JustPaste.it

Chciwość

Chciwość, co to jest , skąd się bierze i co z tego wynika

Chciwość, co to jest , skąd się bierze i co z tego wynika

 

Chciwość ! Każdy się z nią spotkał. W obecnym świecie jest tak nagminna, że jej nie zauważamy . Żądza posiadania i powiększania posiadania. Dopóki nas dopinguje, daje napędową różnicę potencjałów i (co najważniejsze) póki jest powstrzymywana

i ograniczana przez skromność i więzy z otoczeniem – jest paliwem i warunkiem postępu.
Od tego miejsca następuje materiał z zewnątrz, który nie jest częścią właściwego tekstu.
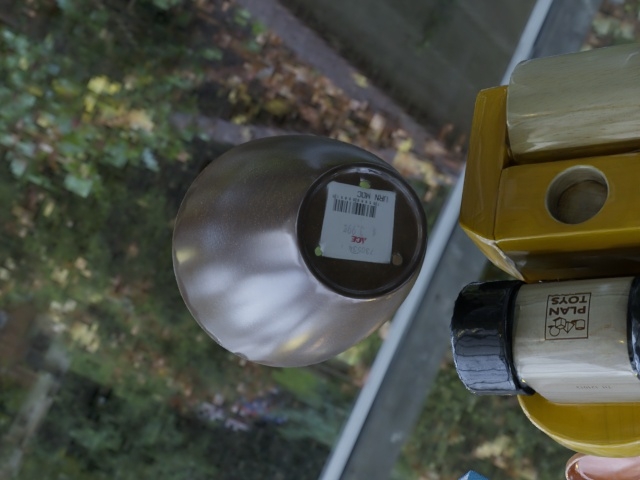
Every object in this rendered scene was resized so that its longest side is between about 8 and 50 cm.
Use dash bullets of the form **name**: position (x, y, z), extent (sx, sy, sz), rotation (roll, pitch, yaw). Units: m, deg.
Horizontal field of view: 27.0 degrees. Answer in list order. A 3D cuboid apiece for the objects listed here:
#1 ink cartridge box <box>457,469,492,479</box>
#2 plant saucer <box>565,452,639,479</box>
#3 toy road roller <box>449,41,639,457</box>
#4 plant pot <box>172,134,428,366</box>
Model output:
- **ink cartridge box**: position (0.131, 0.238, 0.896), extent (0.143, 0.090, 0.092), rotation (29, 143, -5)
- **plant saucer**: position (0.254, 0.198, 1.151), extent (0.084, 0.013, 0.083), rotation (6, 144, 4)
- **toy road roller**: position (0.251, 0.019, 1.126), extent (0.203, 0.329, 0.240), rotation (-5, 153, 30)
- **plant pot**: position (0.000, 0.000, 1.124), extent (0.215, 0.215, 0.230), rotation (26, 169, -12)
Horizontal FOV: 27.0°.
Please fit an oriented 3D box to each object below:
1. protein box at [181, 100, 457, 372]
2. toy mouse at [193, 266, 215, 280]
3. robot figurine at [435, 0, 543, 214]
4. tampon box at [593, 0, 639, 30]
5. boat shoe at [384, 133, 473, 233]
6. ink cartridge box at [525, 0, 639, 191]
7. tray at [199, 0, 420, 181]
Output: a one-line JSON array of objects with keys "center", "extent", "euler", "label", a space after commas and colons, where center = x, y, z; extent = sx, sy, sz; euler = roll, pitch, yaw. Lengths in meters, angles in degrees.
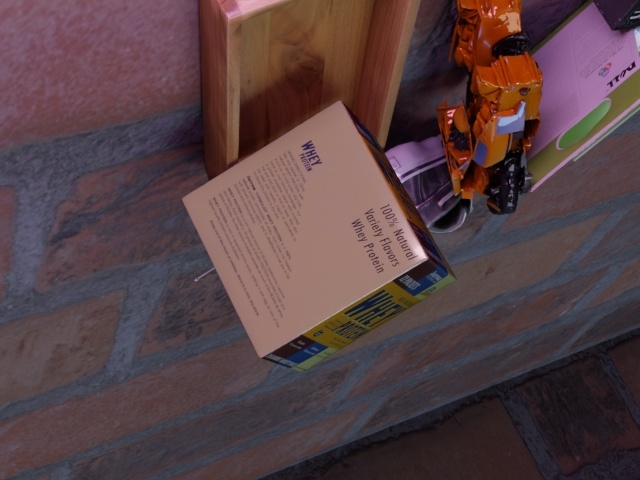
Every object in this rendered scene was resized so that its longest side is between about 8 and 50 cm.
[{"center": [0.000, 0.000, 1.412], "extent": [0.201, 0.200, 0.136], "euler": [-31, 161, 10], "label": "protein box"}, {"center": [-0.077, -0.004, 1.772], "extent": [0.161, 0.031, 0.143], "euler": [-8, 153, -44], "label": "toy mouse"}, {"center": [0.188, -0.155, 1.515], "extent": [0.085, 0.211, 0.291], "euler": [-7, 152, -5], "label": "robot figurine"}, {"center": [0.386, -0.318, 1.481], "extent": [0.161, 0.101, 0.120], "euler": [-15, 156, -30], "label": "tampon box"}, {"center": [0.134, -0.060, 1.694], "extent": [0.121, 0.119, 0.335], "euler": [-31, 177, 23], "label": "boat shoe"}, {"center": [0.331, -0.167, 1.563], "extent": [0.097, 0.255, 0.189], "euler": [32, 127, -23], "label": "ink cartridge box"}, {"center": [-0.018, -0.175, 1.358], "extent": [0.202, 0.076, 0.411], "euler": [-23, 161, -13], "label": "tray"}]

Jednak człowiek nie zna umiaru, czy mając 1 milion nie można zwolnić tempa. A może przystopować już przy połowie miliona?

Gdybyż to był tylko bodziec do ciężkiej pracy, ale nie ! ! Obecna postać niepohamowanej żądzy posiadania, to wyniszczanie innych, to mordercza (dosłownie) konkurencja. Bo gdyby wszyscy mieli dużo, to wszyscy byliby jednakowo biedni/bogaci; a zakażenie baccillusem żądzy manifestuje się nie posiadaniem więcej niż wczoraj (!) lecz więcej niż inni. Spotkałem się kiedyś z poglądem, że chciwość była i jest motorem rozwoju cywilizacji, ale czy na pewno ? Długotrwałe „panowanie” chciwość powoduje bardzo duże zróżnicowanie – i to nie tylko stanu majątkowego. Powoduje przede wszystkim u posiadających uczucie wyższości, a u nieposiadających poczucie wykluczenia. Gdzież jest więc złoty środek? I jaka jest jego definicja? Nie mam pojęcia ! Przeszliśmy przez różbe eksperymenty społeczne : niewolnictwo, feudalizm, kapitalizm, totalitaryzm, parę rewolucji i paręnaście dyktatur i wreszcie tzw. kapitalizm – czy , jak się to też określa, system gospodarki wolnorynkowej : i co ?! Każdy z nich kończył się fiaskiem, dysproporcjami, katastrofalnym wyzyskiem i (jakże często) uciskiem. Czy to oznacza, że to MY jesteśmy winni ? Czy z tych klocków nie można nic innego zbudować? Krótkie okresy solidaryzmu

i poczucia wspólnoty przedzielają długie (za długie) okresy wyniszczania i pogardy.

Co się musi zdarzyć, abyśmy dostrzegli wokół siebie innych ludzi? Jesteśmy zamknięci

w „dookólnym” lustrze : widzimy tylko siebie i nasze potrzeby i pragnienia.

Potrzeby i pragnienia innych są dla nas przeszkodą i traktujemy je i ich posiadaczy jak wrogów. Przykładów absurdalnej chciwości jest mnóstwo, ot choćby : wydajemy miliardy

na nowoczesne śmiercionośne maszyny, a człowieka można zabić widelcem ! Nie sugeruję wcale wojny widelcowej, o nie! Sugeruję wydawanie pieniędzy i ukierunkowanie działań na rozwój społeczny: zwalczanie chorób, zapewnienie godnego przeżywania jesieni życia, rozsądną (sic) opiekę nad słabszymi (taką by ich dopingowała , a nie rozleniwiała) itd. . . .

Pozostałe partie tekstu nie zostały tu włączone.